History

German Empire
- Name: Frederick
- Out of service: 15 March 1876
- Fate: wrecked near Audresselles, France on 15 March 1876

General characteristics
- Type: brig or schooner

= Frederick (German ship) =

German ship

Frederick also written as Frederica Pattenborg Zetland was a German brig or schooner sailing ship in the 19th century. Due to a storm, the ship wrecked between Audresselles and Cap Gris Nez, Pas-de-Calais, France on 15 March 1876. There were only two survivors.

==Fate==
In 1876 the ship was on a voyage from Hamburg, Germany to Rosario, Argentina. The cargo of the ship consisted of wine, alcohol, packs of sheets, linen and other fabrics. The people on board consisted of the 21-years-old captain, his 21-years-old wife, their child and several sailors.

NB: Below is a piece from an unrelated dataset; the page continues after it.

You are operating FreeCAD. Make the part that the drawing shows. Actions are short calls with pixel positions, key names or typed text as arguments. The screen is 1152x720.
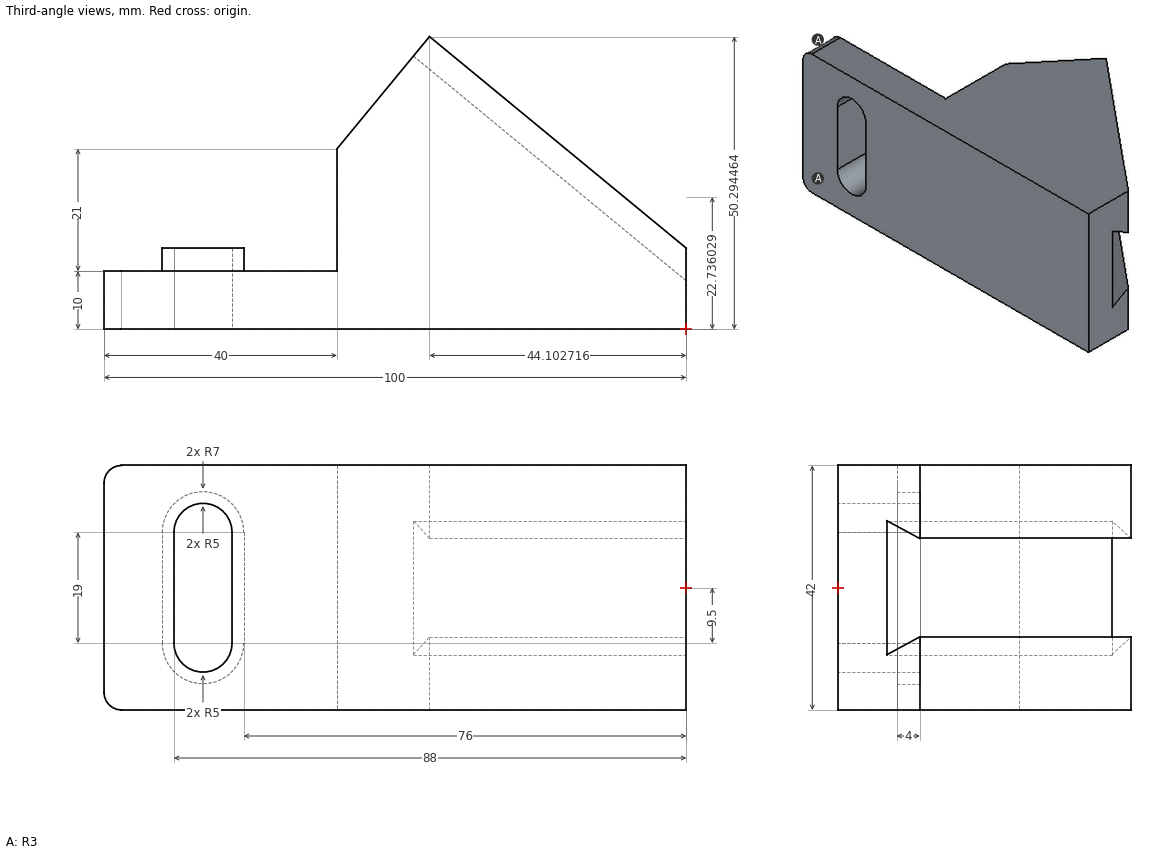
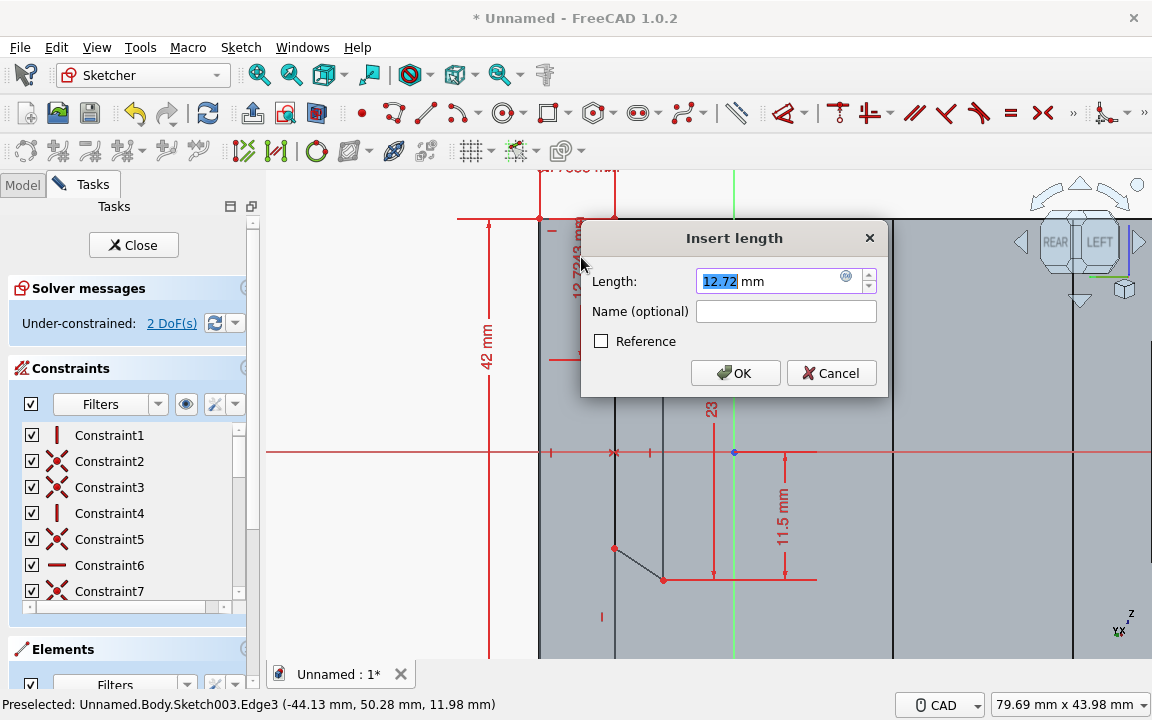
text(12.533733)
key(Return)
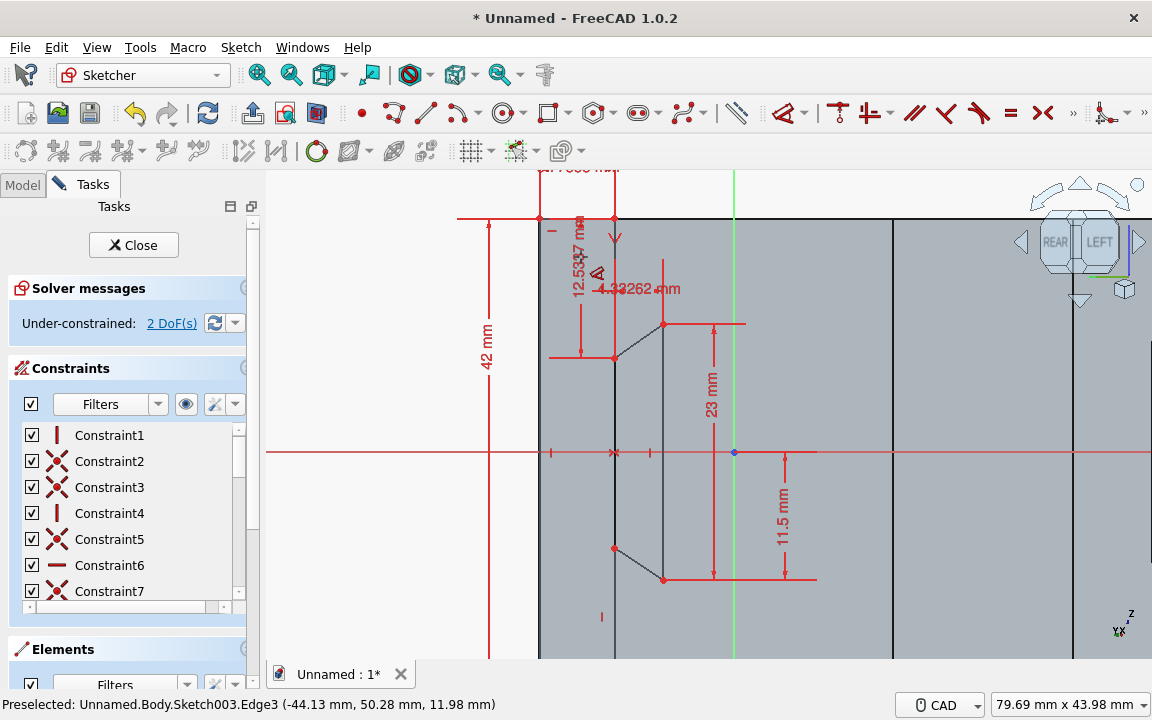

In the night of 15 March 1876 there was a storm and the ship was driven ashore and wrecked between Audresselles and Cap Gris Nez, Pas-de-Calais, France. Due to the bad weather and darkness, no one saw the ship in distress. To stay out of the water, the captain, his wife and the sailors climbed into the masts. The captain and his wife had left their child in the cabin. After several hours, the masts threatened to break. The captain jumped into the sea. The captain did not want to leave his wife, who was numb from cold and fatigued. While they held each other, the main mast fell on them and they drowned. Several sailors also drowned, two managed to reach the coast.

==Aftermath==
One of them who survived managed to drag himself to a house. However, because of the way he looked, his torn clothes and different language the residents were suspicious. He was eventually allowed to sleep in the barn. However, when they realized what had happened, they tried to help the man as best they could, but he remained seriously ill.

The ship was smashed off the coast and shattered. Parts of the ship and the ship's cargo washed ashore over a length of several miles. The bodies of the captain, his wife and some sailors were found. They were buried at the cemetery of Audresselles.